General role and attributes
The Erotes are a group of winged gods in Classical mythology. They are associated with love and sexual desire, and form part of Aphrodite's retinue. The individual Erotes are sometimes linked to particular aspects of love, and are often associated with same-sex desire. Sometimes the Erotes are regarded as manifestations of a singular god, Eros.

Stories of the Erotes' mischief or pranks were a popular theme in Hellenistic culture, particularly in the 2nd century BCE. Spells to attract or repel Erotes were used, in order to induce love or the opposite. Different Erotes represented various facets of love or desire, such as unrequited love (Himeros), mutual love (Anteros) or longing (Pothos).

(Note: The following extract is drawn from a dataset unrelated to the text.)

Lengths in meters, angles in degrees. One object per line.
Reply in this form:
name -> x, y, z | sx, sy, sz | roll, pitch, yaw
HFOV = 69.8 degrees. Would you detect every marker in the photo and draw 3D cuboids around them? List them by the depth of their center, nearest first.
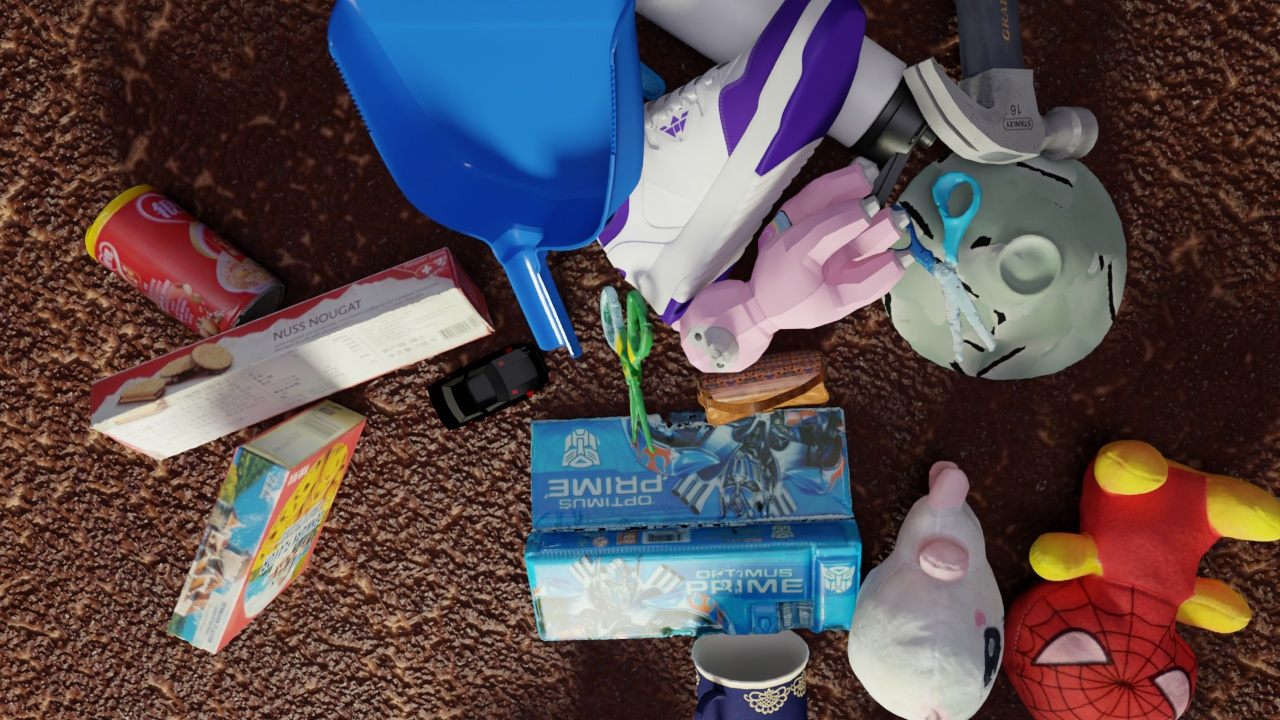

The Erotes were usually portrayed as nude, handsome, winged youths. The earliest known sculptured friezes depicting a group of Erotes and winged maidens driving chariots pulled by goats, were created to decorate theatres in ancient Greece in the 2nd century BCE. The representation of Erotes in such friezes became common, including Erotes in hunting scenes. Due to their role in the classical mythological pantheon, the Erotes' representation is sometimes purely symbolic (indicating some form of love) or they may be portrayed as individual characters. The presence of Erotes in otherwise non-sexual images, such as of two women, has been interpreted to indicate a homoerotic subtext. In the cult of Aphrodite in Anatolia, iconographic images of the goddess with three Erotes symbolized the three realms over which she had dominion: the Earth, sky, and water.

Retinue members
Groups of numerous Erotes are portrayed in ancient Greek and Roman art. In addition, a number of named gods have been regarded as Erotes, sometimes being assigned particular associations with aspects of love.

Anteros

Anteros (Greek: Ἀντέρως, Antérōs) was the god of requited love, literally "love returned" or "counterpart love".  He punished those who scorned love and the advances of others, and was the avenger of unrequited love. Anteros was the son of Ares and Aphrodite in Greek mythology, and given to his brother Eros as a playmate because Eros was lonely. In another version, Anteros arose from mutual feelings between Poseidon and Nerites. Physically, Anteros was depicted as similar to Eros in every way, though sometimes with longer hair and butterfly wings.  He has been described as armed with either a golden club or arrows of lead.

Eros

Eros was the original, primordial god of love and intercourse; he was also worshiped as a fertility deity. His Roman counterpart was Cupid (desire).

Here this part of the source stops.